Build Your Own Voice Recognition Model with Tensorflow

Voice recognition is a complex problem across a number of industries. Knowing some of the basics around handling audio data and how to classify sound samples is a good thing to have in your data science toolbox.

We're going to go through an example of classifying some sound clips using Tensorflow. By the time you get through this, you'll know enough to be able to build your own voice recognition models. With additional research, you can take these concepts and apply them to larger, more complex audio files.

You can find the full code in this Github repo.

Getting the Data

Gathering data is one of the hard problems in data science. There's so much data available, but not all of it is easy to use in machine learning problems. You have to make sure that the data is clean, labeled, and complete.

To do our example, we're going to use some audio files released by Google.
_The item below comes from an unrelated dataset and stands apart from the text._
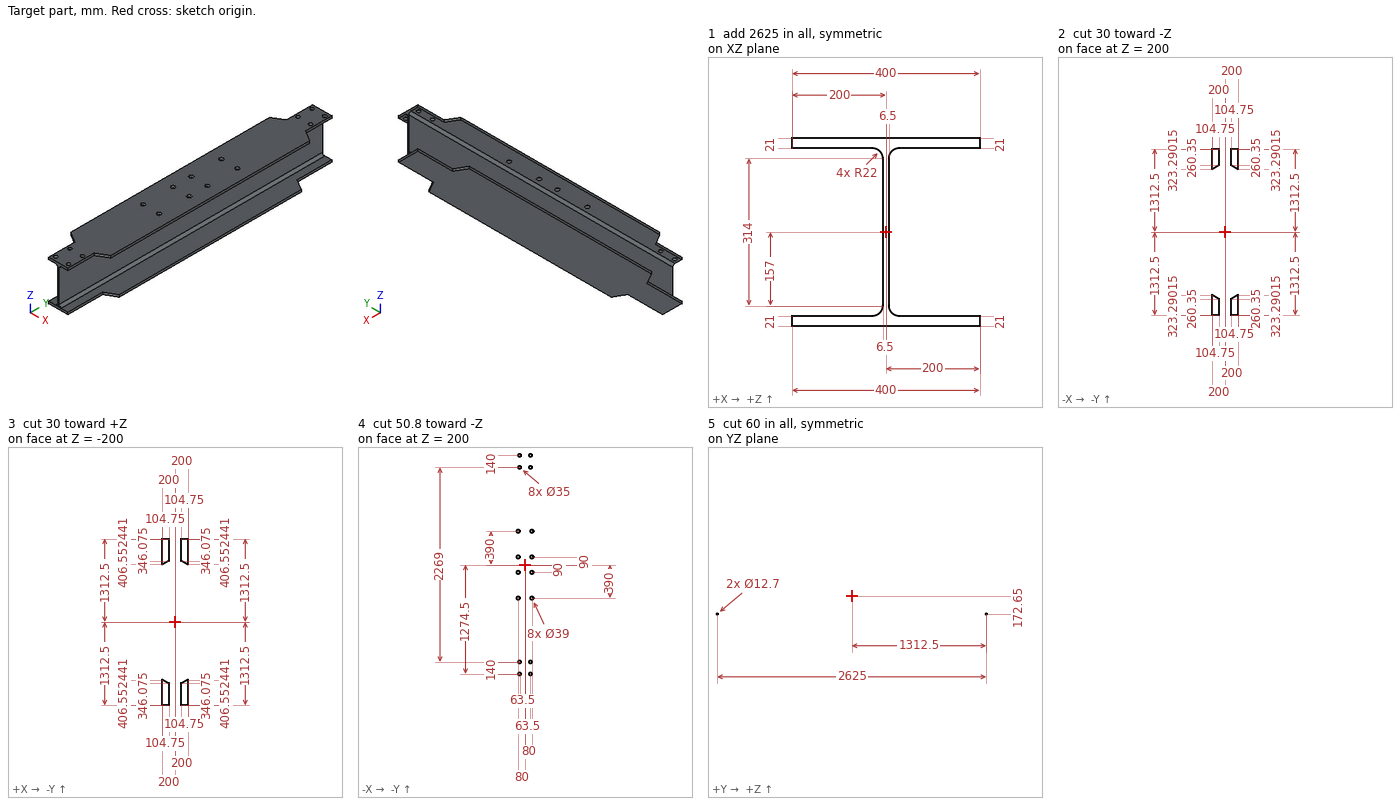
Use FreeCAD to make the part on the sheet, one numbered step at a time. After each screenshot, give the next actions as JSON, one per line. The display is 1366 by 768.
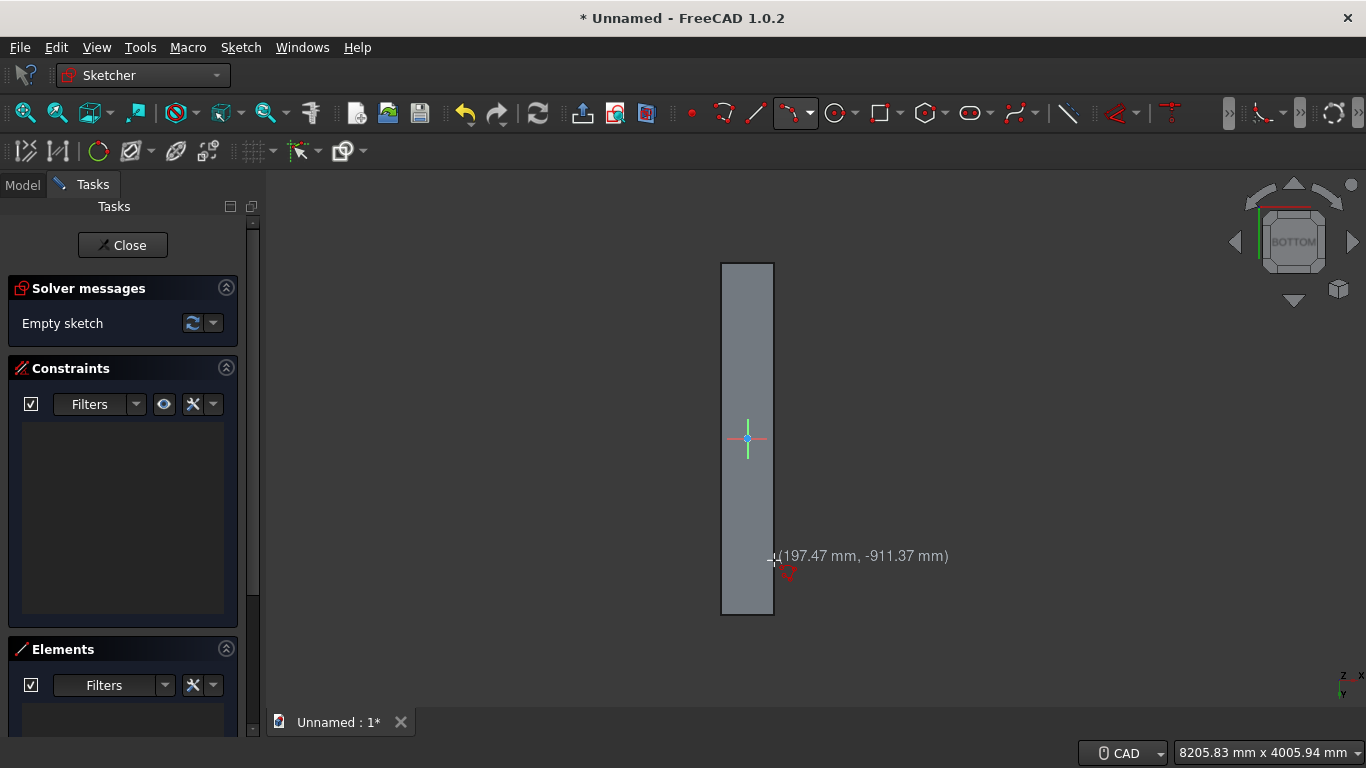
{"action": "scroll", "coordinate": [760, 568], "scroll_direction": "up", "scroll_amount": 2}

First, we'll create a new Conducto pipeline. This is where you'll be able to build, train, and test your model and share a link with anybody else interested:

###
# Main Pipeline
###
def main() -> co.Serial:
    path = "/conducto/data/pipeline"
    root = co.Serial(image = get_image())
    
    # Get data from keras for testing and training
    root["Get Data"] = co.Exec(run_whole_thing, f"{path}/raw")

    return root

Then we'll start writing the

run_whole_thing

function:

def run_whole_thing(out_dir):
    os.makedirs(out_dir, exist_ok=True)
    # Set seed for experiment reproducibility
    seed = 55
    tf.random.set_seed(seed)
    np.random.seed(seed)
    data_dir = pathlib.Path("data/mini_speech_commands")

Next, we need to set up the directory to hold the audio files:

if not data_dir.exists():
    # Get the files from external source and put them in an accessible directory
    tf.keras.utils.get_file(
       'mini_speech_commands.zip',
        origin="http://storage.googleapis.com/download.tensorflow.org/data/mini_speech_commands.zip",
        extract=True)

Pre-Processing the Data

Now that we have our data in the right directory, we can split it into training, test, and validation datasets.

First, we need to write a few functions to help pre-process the data so that it'll work in our model.

We need the data in a format our algorithm can understand. We'll be using a convolutional neural network, so the data needs to be transformed into images.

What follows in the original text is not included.